I couldn't connect to the Web site of my doctor's office to make any appointment, because their site only wants patients to enter on IE and Windows. I am testing some security appliances for Information Security magazine, and some of their configuration pages also expect to see IE and Windows. I thought I would upgrade to QuickBooks online rather than buy some new software -- but guess what? It only runs on IE and Windows! And the OfficeLive service from Microsoft – which by the way is very cool and is an absolutely free Web hosting solution – only runs on IE and Windows. The list goes on and on.
Fortunately, I run both MacOS and Windows here, so it is more of an annoyance than a showstopper. But still, the message is clear: if you use anything other than Windows, you are not worthy. Go the store and buy a real OS.
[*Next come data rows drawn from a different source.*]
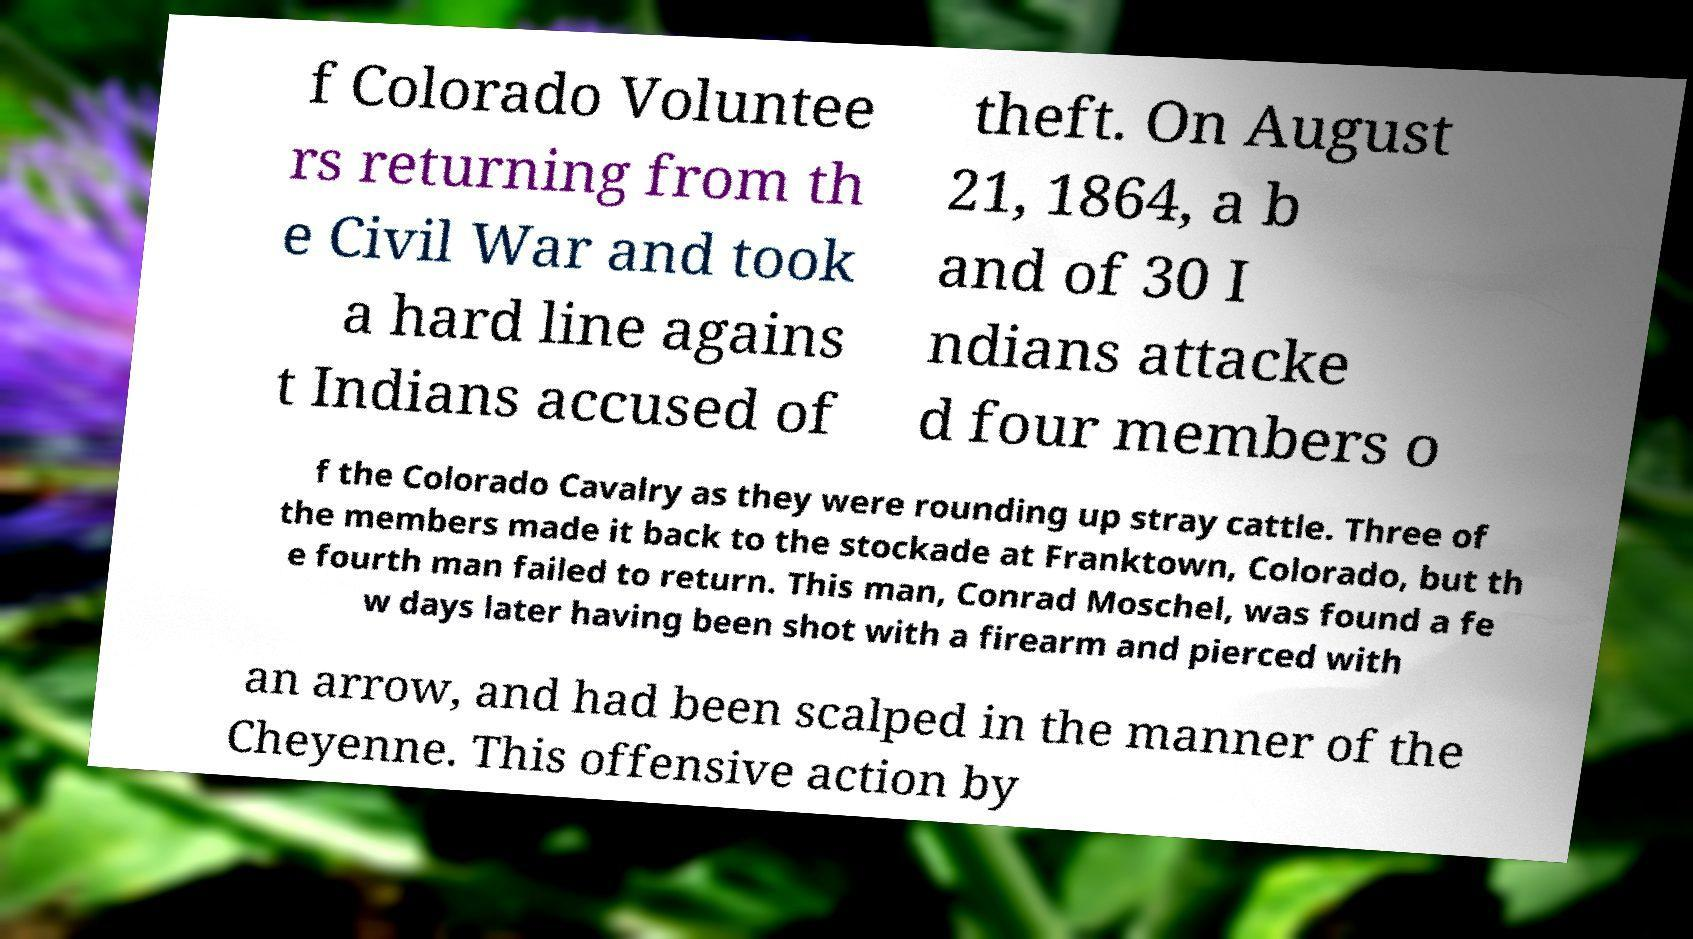Could you extract and type out the text from this image? f Colorado Voluntee rs returning from th e Civil War and took a hard line agains t Indians accused of theft. On August 21, 1864, a b and of 30 I ndians attacke d four members o f the Colorado Cavalry as they were rounding up stray cattle. Three of the members made it back to the stockade at Franktown, Colorado, but th e fourth man failed to return. This man, Conrad Moschel, was found a fe w days later having been shot with a firearm and pierced with an arrow, and had been scalped in the manner of the Cheyenne. This offensive action by 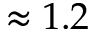<formula> <loc_0><loc_0><loc_500><loc_500>\approx 1 . 2</formula> 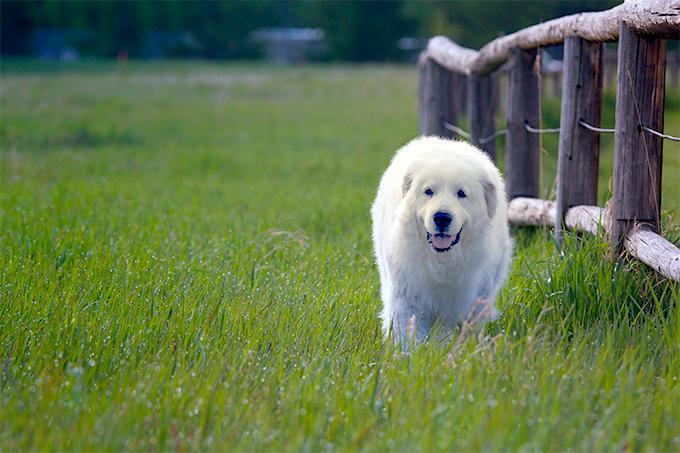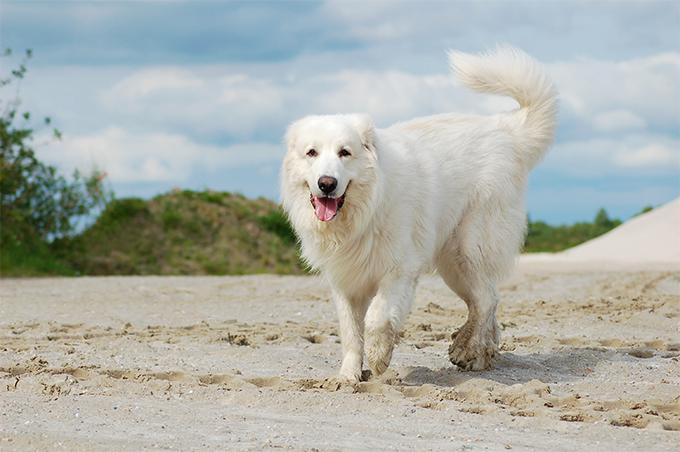The first image is the image on the left, the second image is the image on the right. For the images shown, is this caption "Exactly two large white dogs are standing upright." true? Answer yes or no. Yes. The first image is the image on the left, the second image is the image on the right. Evaluate the accuracy of this statement regarding the images: "There are only two dogs and both are standing with at least one of them on green grass.". Is it true? Answer yes or no. Yes. 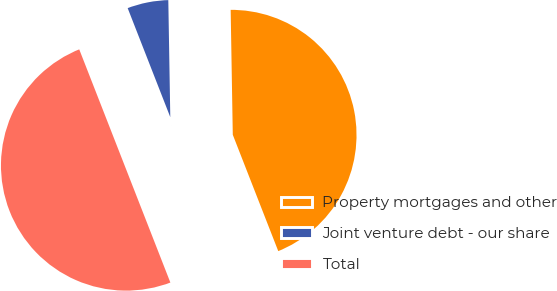<chart> <loc_0><loc_0><loc_500><loc_500><pie_chart><fcel>Property mortgages and other<fcel>Joint venture debt - our share<fcel>Total<nl><fcel>44.34%<fcel>5.66%<fcel>50.0%<nl></chart> 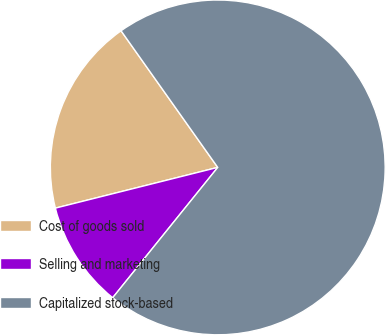<chart> <loc_0><loc_0><loc_500><loc_500><pie_chart><fcel>Cost of goods sold<fcel>Selling and marketing<fcel>Capitalized stock-based<nl><fcel>19.11%<fcel>10.29%<fcel>70.6%<nl></chart> 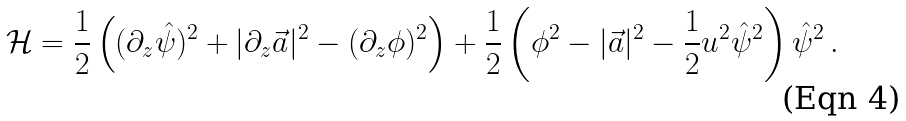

The Microsoft Web has been happening for some time. As I wrote several years ago, developers are building Web-based applications using tools and servers from Microsoft. They run on IIS with ASP, and use Visual Studio and of course assume that Internet Explorer is the intended browser so they write these apps accordingly. And if they dabble in Java, they use the Windows version of Java that doesn't quite work on non-Windows platforms.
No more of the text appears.